Dive Brief:
- Just a month before it was set to decide, the Food and Drug Administration has pushed back the Prescription Drug User Fee Act date for Portola Pharmaceuticals Inc.'s AndexXa by three months.
- The company seeks an initial indication as a reversal agent for the anticoagulant effects of Pfizer Inc.'s and Bristol-Myers Squibb Company's Eliquis (apixaban) and Johnson & Johnson's Xarelto (rivaroxaban) in patients with uncontrolled or life-threatening bleeding.
- Originally set for February 3, the PDUFA date is now delayed to May 4, 2018, to give the agency time to review Portola's submission of additional data from the ongoing ANNEXA-4 study and work with the company on labeling and post-marketing commitments.
Dive Insight:
Reversal agents are key for the success of the new oral anticoagulants (NOACs) market, allowing physicians to reverse the actions of blood-thinning agents quickly and effectively after trauma or before surgery. Major bleeding is a significant cause of hospital admissions and deaths in people taking Factor Xa inhibitor anticoagulants, and many patients remain on the higher-risk warfarin because of the concern about the lack of reversal options.
Boehringer Ingelheim's reversal agent Praxbind (idarucizumab) has been on the market since 2015, and is so far the only NOAC reversal agent available. Still, it only acts on the German company's NOAC Pradaxa (dabigatran).

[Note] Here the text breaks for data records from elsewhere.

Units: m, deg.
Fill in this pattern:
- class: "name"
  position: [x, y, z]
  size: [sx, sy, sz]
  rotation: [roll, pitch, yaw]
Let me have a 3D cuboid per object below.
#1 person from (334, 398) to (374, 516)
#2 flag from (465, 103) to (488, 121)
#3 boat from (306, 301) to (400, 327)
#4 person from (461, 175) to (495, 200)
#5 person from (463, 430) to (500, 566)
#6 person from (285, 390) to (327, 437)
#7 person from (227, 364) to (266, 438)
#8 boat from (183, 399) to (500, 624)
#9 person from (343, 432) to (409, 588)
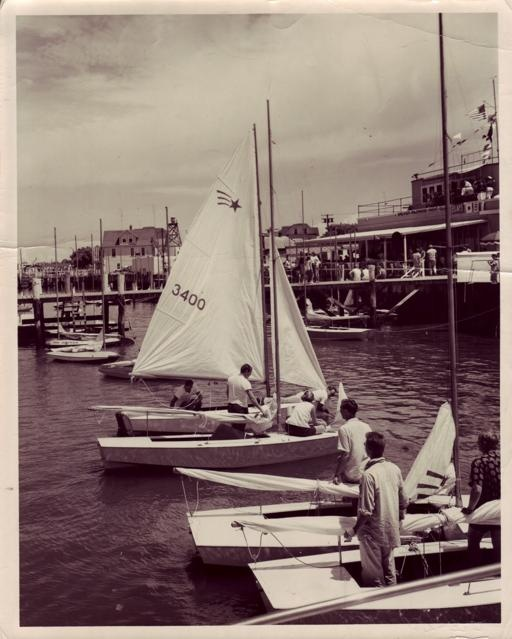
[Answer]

What makes AndexXa (andexanet alfa) different, and potentially unique on the market, is that it is designed as a universal oral or injectable Factor Xa inhibitor antidote.

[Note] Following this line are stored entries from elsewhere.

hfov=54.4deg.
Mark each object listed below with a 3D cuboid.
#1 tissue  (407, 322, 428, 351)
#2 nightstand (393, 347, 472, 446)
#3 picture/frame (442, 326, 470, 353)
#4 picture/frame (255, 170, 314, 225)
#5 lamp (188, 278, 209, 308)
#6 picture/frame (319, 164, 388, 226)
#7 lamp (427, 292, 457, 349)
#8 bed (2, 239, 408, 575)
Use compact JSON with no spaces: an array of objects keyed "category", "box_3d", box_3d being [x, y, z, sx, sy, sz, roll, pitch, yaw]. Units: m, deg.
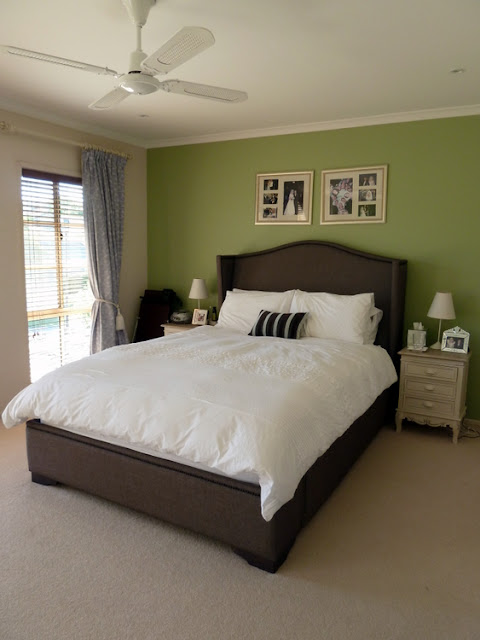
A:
[{"category":"tissue ","box_3d":[1.363,0.114,3.589,0.167,0.227,0.187,4,10,29]},{"category":"nightstand","box_3d":[1.462,0.455,3.596,0.570,0.709,0.577,-5,28,4]},{"category":"picture/frame","box_3d":[1.631,0.152,3.517,0.175,0.228,0.016,2,-1,41]},{"category":"picture/frame","box_3d":[0.428,-1.141,4.284,0.456,0.412,0.021,9,15,34]},{"category":"lamp","box_3d":[-0.417,-0.282,4.707,0.186,0.400,0.193,13,22,40]},{"category":"picture/frame","box_3d":[0.983,-1.071,3.943,0.495,0.451,0.023,5,10,35]},{"category":"lamp","box_3d":[1.548,0.007,3.584,0.193,0.444,0.344,4,7,25]},{"category":"bed","box_3d":[0.058,0.159,3.201,1.608,1.636,2.418,5,7,31]}]

AndexXa's route to market, however, has been plagued with challenges.
In August 2016, the Food and Drug Administration turned down Portola's biologics license application and issued a complete response letter, citing issues related to the drug's manufacturing. The agency asked for additional information on production processes, further data to support the inclusion of Lovenox (enoxaparin) and Daiichi Sankyo Company Limited's Savaysa/Lixiana (edoxaban) in the label, and additional review of clinical amendments.
Since then, Portola snagged some additional funding through a royalty deal with HealthCare Royalty Partners (HCR) to push through clinical and regulatory activities, and launch the drug once it is approved, as well as up to $25 million from Daiichi Sankyo to expand an open label study in Germany.
The data from the Phase 3b/4 open label AndexXa study has been positive, with bleeding stopped in 79% of patients presenting with a major bleed while on a factor Xa inhibitor. The FDA accepted version two of the submission in August 2017, with a promised PDUFA data of February 2017. AndexXa is also awaiting approval in Europe, with a decision expected in the first half of 2018.